#### [Work to be completed]
Please state how many lines of the records hold the string "Modes", giving nothing but the number.

#### [Records provided]
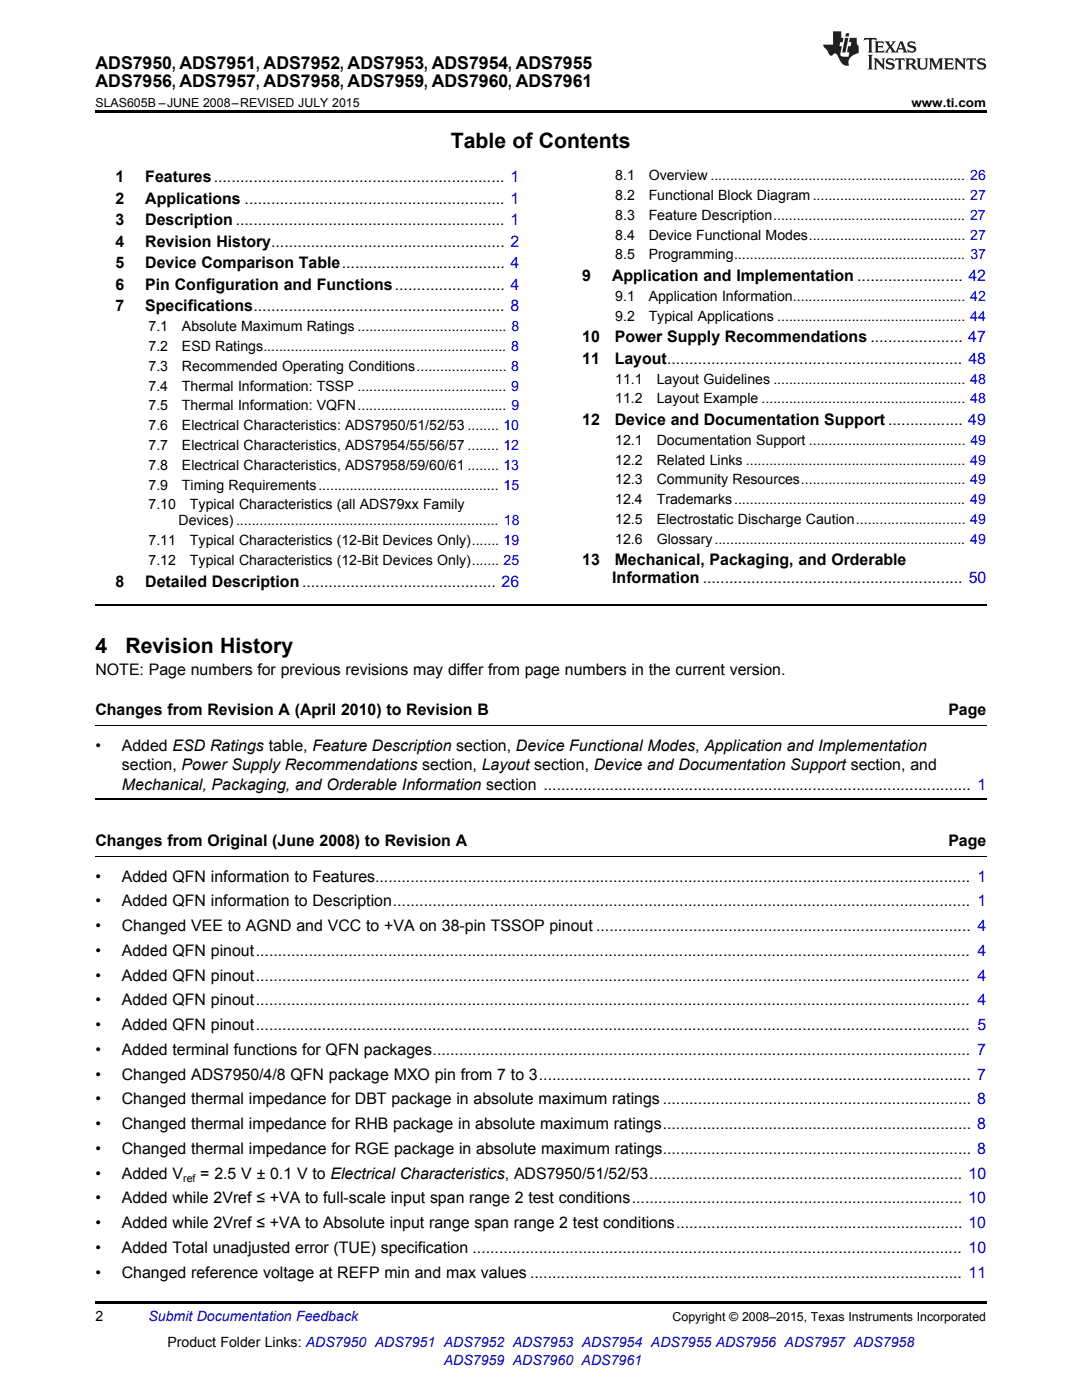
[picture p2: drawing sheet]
<svg xmlns="http://www.w3.org/2000/svg" width="216mm" height="279mm" viewBox="0 0 216 279" stroke-linecap="round" stroke-linejoin="round" font-family="sans-serif">
<defs><g id="words">
<g font-size="4.2">
<text x="90" y="29.6">Table of Contents</text>
<text x="19" y="130.4">4</text>
<text x="25" y="130.4">Revision History</text>
</g>
<g font-size="3.5">
<text x="19" y="13.8">ADS7950, ADS7951, ADS7952, ADS7953, ADS7954, ADS7955</text>
<text x="19" y="17.3">ADS7956, ADS7957, ADS7958, ADS7959, ADS7960, ADS7961</text>
</g>
<g font-size="3.2">
<text x="23" y="36.3">1</text>
<text x="23" y="40.6">2</text>
<text x="29" y="36.3">Features.................................................................. 1</text>
<text x="29" y="40.6">Applications ........................................................... 1</text>
<text x="23" y="44.9">3</text>
<text x="29" y="44.9">Description ............................................................. 1</text>
<text x="23" y="49.2">4</text>
<text x="23" y="53.6">5</text>
<text x="29" y="49.2">Revision History..................................................... 2</text>
<text x="29" y="53.6">Device Comparison Table..................................... 4</text>
<text x="23" y="57.9">6</text>
<text x="29" y="57.9">Pin Configuration and Functions......................... 4</text>
<text x="116.2" y="56.1">9</text>
<text x="122.1" y="56.1">Application and Implementation ........................ 42</text>
<text x="23" y="62.2">7</text>
<text x="29" y="62.2">Specifications......................................................... 8</text>
<text x="116.2" y="68.3">10</text>
<text x="122.7" y="68.3">Power Supply Recommendations ..................... 47</text>
<text x="116.2" y="72.6">11</text>
<text x="122.7" y="72.6">Layout................................................................... 48</text>
<text x="116.2" y="84.8">12</text>
<text x="122.7" y="84.8">Device and Documentation Support ................. 49</text>
<text x="116.2" y="112.8">13</text>
<text x="122.7" y="112.8">Mechanical, Packaging, and Orderable</text>
<text x="23" y="117.1">8</text>
<text x="29" y="117.1">Detailed Description............................................ 26</text>
<text x="122.2" y="116.3">Information ........................................................... 50</text>
<text x="19" y="134.7">NOTE: Page numbers for previous revisions may differ from page numbers in the current version.</text>
<text x="19" y="142.8">Changes from Revision A (April 2010) to Revision B</text>
<text x="189.2" y="142.8">Page</text>
<text x="19" y="149.8">•</text>
<text x="24.3" y="149.8">Added ESD Ratings table, Feature Description section, Device Functional Modes, Application and Implementation</text>
<text x="24.3" y="153.7">section, Power Supply Recommendations section, Layout section, Device and Documentation Support section, and</text>
<text x="24.3" y="157.6">Mechanical, Packaging, and Orderable Information section ................................................................................................. 1</text>
<text x="19" y="168.9">Changes from Original (June 2008) to Revision A</text>
<text x="189.2" y="168.9">Page</text>
<text x="19" y="175.9">•</text>
<text x="24.3" y="175.9">Added QFN information to Features....................................................................................................................................... 1</text>
<text x="19" y="180.9">•</text>
<text x="19" y="185.8">•</text>
<text x="24.3" y="180.9">Added QFN information to Description................................................................................................................................... 1</text>
<text x="24.3" y="185.8">Changed VEE to AGND and VCC to +VA on 38-pin TSSOP pinout ..................................................................................... 4</text>
<text x="19" y="190.7">•</text>
<text x="24.3" y="190.7">Added QFN pinout.................................................................................................................................................................. 4</text>
<text x="19" y="195.7">•</text>
<text x="24.3" y="195.7">Added QFN pinout.................................................................................................................................................................. 4</text>
<text x="19" y="200.6">•</text>
<text x="24.3" y="200.6">Added QFN pinout.................................................................................................................................................................. 4</text>
<text x="19" y="205.6">•</text>
<text x="24.3" y="205.6">Added QFN pinout.................................................................................................................................................................. 5</text>
<text x="19" y="210.5">•</text>
<text x="19" y="215.4">•</text>
<text x="24.3" y="210.5">Added terminal functions for QFN packages.......................................................................................................................... 7</text>
<text x="24.3" y="215.4">Changed ADS7950/4/8 QFN package MXO pin from 7 to 3.................................................................................................. 7</text>
<text x="19" y="220.4">•</text>
<text x="24.3" y="220.4">Changed thermal impedance for DBT package in absolute maximum ratings ...................................................................... 8</text>
<text x="19" y="225.3">•</text>
<text x="24.3" y="225.3">Changed thermal impedance for RHB package in absolute maximum ratings...................................................................... 8</text>
<text x="19" y="230.3">•</text>
<text x="24.3" y="230.3">Changed thermal impedance for RGE package in absolute maximum ratings...................................................................... 8</text>
<text x="19" y="235.2">•</text>
<text x="24.3" y="235.2">Added V</text>
<text x="40" y="235.2">= 2.5 V ± 0.1 V to Electrical Characteristics, ADS7950/51/52/53....................................................................... 10</text>
<text x="19" y="240.1">•</text>
<text x="19" y="245.1">•</text>
<text x="24.3" y="240.1">Added while 2Vref ≤ +VA to full-scale input span range 2 test conditions........................................................................... 10</text>
<text x="24.3" y="245.1">Added while 2Vref ≤ +VA to Absolute input range span range 2 test conditions................................................................. 10</text>
<text x="19" y="250">•</text>
<text x="24.3" y="250">Added Total unadjusted error (TUE) specification ............................................................................................................... 10</text>
<text x="19" y="255">•</text>
<text x="24.3" y="255">Changed reference voltage at REFP min and max values .................................................................................................. 11</text>
</g>
<g font-size="2.8">
<text x="122.8" y="36">8.1</text>
<text x="129.4" y="36">Overview ................................................................. 26</text>
<text x="122.8" y="39.9">8.2</text>
<text x="129.4" y="39.9">Functional Block Diagram....................................... 27</text>
<text x="122.8" y="43.9">8.3</text>
<text x="122.8" y="47.8">8.4</text>
<text x="129.4" y="43.9">Feature Description................................................. 27</text>
<text x="129.4" y="47.8">Device Functional Modes........................................ 27</text>
<text x="122.8" y="51.8">8.5</text>
<text x="129.4" y="51.8">Programming........................................................... 37</text>
<text x="122.8" y="60">9.1</text>
<text x="122.8" y="64">9.2</text>
<text x="129.4" y="60">Application Information............................................ 42</text>
<text x="129.4" y="64">Typical Applications ................................................ 44</text>
<text x="29.6" y="66.1">7.1</text>
<text x="29.6" y="70.1">7.2</text>
<text x="36.3" y="66.1">Absolute Maximum Ratings ...................................... 8</text>
<text x="36.3" y="70.1">ESD Ratings.............................................................. 8</text>
<text x="29.6" y="74">7.3</text>
<text x="29.6" y="78">7.4</text>
<text x="36.3" y="74">Recommended Operating Conditions....................... 8</text>
<text x="36.3" y="78">Thermal Information: TSSP ...................................... 9</text>
<text x="122.8" y="76.6">11.1</text>
<text x="131" y="76.6">Layout Guidelines ................................................. 48</text>
<text x="29.6" y="81.9">7.5</text>
<text x="36.3" y="81.9">Thermal Information: VQFN...................................... 9</text>
<text x="122.8" y="80.5">11.2</text>
<text x="131" y="80.5">Layout Example .................................................... 48</text>
<text x="29.6" y="85.9">7.6</text>
<text x="29.6" y="89.8">7.7</text>
<text x="36.3" y="85.9">Electrical Characteristics: ADS7950/51/52/53 ........ 10</text>
<text x="36.3" y="89.8">Electrical Characteristics, ADS7954/55/56/57 ........ 12</text>
<text x="122.8" y="88.8">12.1</text>
<text x="131" y="88.8">Documentation Support ........................................ 49</text>
<text x="29.6" y="93.8">7.8</text>
<text x="36.3" y="93.8">Electrical Characteristics, ADS7958/59/60/61 ........ 13</text>
<text x="122.8" y="92.7">12.2</text>
<text x="131" y="92.7">Related Links ........................................................ 49</text>
<text x="29.6" y="97.7">7.9</text>
<text x="29.6" y="101.7">7.10</text>
<text x="36.3" y="97.7">Timing Requirements.............................................. 15</text>
<text x="37.9" y="101.7">Typical Characteristics (all ADS79xx Family</text>
<text x="122.8" y="96.7">12.3</text>
<text x="122.8" y="100.6">12.4</text>
<text x="131" y="96.7">Community Resources.......................................... 49</text>
<text x="131" y="100.6">Trademarks........................................................... 49</text>
<text x="35.6" y="104.8">Devices) ................................................................... 18</text>
<text x="122.8" y="104.6">12.5</text>
<text x="131" y="104.6">Electrostatic Discharge Caution............................ 49</text>
<text x="29.6" y="108.8">7.11</text>
<text x="29.6" y="112.7">7.12</text>
<text x="37.9" y="108.8">Typical Characteristics (12-Bit Devices Only)....... 19</text>
<text x="37.9" y="112.7">Typical Characteristics (12-Bit Devices Only)....... 25</text>
<text x="122.8" y="108.5">12.6</text>
<text x="131" y="108.5">Glossary................................................................ 49</text>
<text x="19" y="263.6">2</text>
<text x="33.4" y="268.9">Product Folder Links: ADS7950 ADS7951 ADS7952 ADS7953 ADS7954 ADS7955 ADS7956 ADS7957 ADS7958</text>
</g>
<g font-size="2.8" fill="#0000c8">
<text x="29.6" y="263.6">Submit Documentation Feedback</text>
<text x="88.5" y="272.4">ADS7959 ADS7960 ADS7961</text>
</g>
<g font-size="2.5">
<text x="19" y="21.4">SLAS605B –JUNE 2008–REVISED JULY 2015</text>
<text x="181.9" y="21.4">www.ti.com</text>
<text x="134.2" y="263.6">Copyright © 2008–2015, Texas Instruments Incorporated</text>
</g>
<text font-size="2.1" x="36.5" y="235.8">ref</text>
</g></defs>
<path d="M19 22h177.8v.5h-177.8zM19 259.7h177.8v.5h-177.8z" fill="#000"/>
<path d="M19 144.8h177.8M19 170.9h177.8" fill="none" stroke="#000" stroke-width=".2"/>
<path d="M19 120.8h177.8M19 159.5h177.8" fill="none" stroke="#000" stroke-width=".35"/>
<g fill="#231f20">
<path d="M172.5 7.6l-.1 .5 .4-.2h.6v.1v2.1l-.2 .4h.9l-.2-.4v-2.1l.1-.1h.5l.5 .2-.2-.5zM174.5 8.3l.2 .3v1.5l-.2 .4h1.8l.2-.6a1.04 1.04 0 0 1-1.3 .2v-.7h.6l.3 .2v-.6l-.3 .2h-.6v-.6l.8-.1 .4 .3-.2-.5zM176.5 8.3l.9 1.1-.9 1.1h.8l-.2-.2 .4-.7 .5 .7-.2 .2h1.5l-.2-.2 .2-.4h.9l.1 .4-.2 .2h1l-.3-.3-.7-1.9h-.5l-.9 2-.8-1 .9-1h-.8l.1 .3-.4 .5-.3-.6 .1-.2zM179.7 8.6l.4 1h-.7zM181.3 8.4a.63 .63 0 0 0-.2 .7 .63 .63 0 0 0 .6 .4l.6 .2 .1 .2a.75 .75 0 0 1-.7 .4 .75 .75 0 0 1-.6-.5l.1 .7 .1-.1a1.11 1.11 0 0 0 1.5-.6 1.13 1.13 0 0 0-1.2-.8l-.1-.4a1.04 1.04 0 0 1 1.2 .2l-.2-.5-.2 .1-.4-.2zM173.2 10.9l.2 .4v2.2l-.2 .4h1l-.3-.4v-2.2l.3-.4zM174.3 11.6l.3 .4v1.5l-.3 .4h.8l-.2-.4v-1.3l1.5 1.7v-1.9l.2-.4h-.7l.2 .4v.9l-1.1-1.3zM177 11.8a.62 .62 0 0 0-.2 .7 .62 .62 0 0 0 .6 .4l.6 .1 .1 .3a.76 .76 0 0 1-.7 .3 .76 .76 0 0 1-.7-.4l.2 .7 .1-.1a1.11 1.11 0 0 0 1.5-.6 1.13 1.13 0 0 0-1.2-.8l-.1-.4a1.04 1.04 0 0 1 1.2 .2l-.2-.6-.2 .1-.5-.1zM178.7 11.6l-.2 .6a.61 .61 0 0 1 .8-.3v1.6l-.2 .4h.9l-.2-.4v-1.6a.63 .63 0 0 1 .7 .3l-.1-.6zM180.6 11.6l.3 .4v1.5l-.3 .4h1l-.2-.2-.1-.8 .6 .2a.76 .76 0 0 0 1.2 .7l-1-1a.58 .58 0 0 0 .6-.5 .58 .58 0 0 0-.5-.6zM181.4 11.9h.1a.45 .45 0 0 1 .5 .1 .45 .45 0 0 1 .1 .5l-.8 .2zM182.9 11.6l.2 .2a2.17 2.17 0 0 0 .3 1.9 .99 .99 0 0 0 1.6-.6v-1.1l.2-.4h-.7l.2 .2a1.92 1.92 0 0 1-.2 1.8 .6 .6 0 0 1-.9-.5v-1.1l.2-.4zM185.4 11.6l.2 .4v1.5l-.2 .4h.7l-.2-.4v-1.4l.8 1.8 .8-1.8v1.4l-.2 .4h.9l-.2-.4v-1.5l.2-.4h-.8l-.6 1.5-.6-1.5zM188.4 11.6l.2 .4v1.5l-.2 .4h1.8l.1-.6a1.04 1.04 0 0 1-1.2 .1v-.6h.5l.4 .2v-.6l-.4 .2h-.5v-.7h.8l.3 .3-.1-.6zM190.5 11.6l.2 .4v1.5l-.2 .4h.7l-.2-.4v-1.3l1.5 1.7v-1.9l.2-.4h-.7l.2 .4v.9l-1.1-1.3zM192.9 11.6l-.1 .6a.61 .61 0 0 1 .7-.3l.1 1.6-.3 .4h1l-.3-.4 .1-1.6a.63 .63 0 0 1 .7 .3l-.1-.6zM195.2 11.8a.62 .62 0 0 0-.2 .7 .62 .62 0 0 0 .6 .4l.6 .1 .1 .3a.76 .76 0 0 1-.7 .3 .76 .76 0 0 1-.6-.4l.1 .7 .1-.1a1.11 1.11 0 0 0 1.6-.6 1.13 1.13 0 0 0-1.3-.8l-.1-.4a1.04 1.04 0 0 1 1.2 .2l-.1-.6-.2 .1-.5-.1z"/>
<path d="M166.2 6.3v2.6h-1.9v.4l.8 .9a.91 .91 0 0 0 1 .8 .56 .56 0 0 1 .5-.3 .56 .56 0 0 1 .5 .3l.4 .8a1.53 1.53 0 0 0 1.9 1.2 1.54 1.54 0 0 1 1-2.1l.9-.3v-1.4a1.52 1.52 0 0 1-.4-1.6h-1.3l-.2 .8h.5l-.2 .8h-.5l-.1 1v.2l.4 .1-.2 .8a1.93 1.93 0 0 1-1.6-.3l.3-1.8h-.5l.2-.8h.4l.2-.8h-.4v-1.3zM168.6 7.6l-.6 2.9h.7l.6-2.9zM168.8 6.6l-.1 .7h.6l.2-.7z"/>
</g>
<use href="#words"/>
</svg>

#### [Exercise solution]
2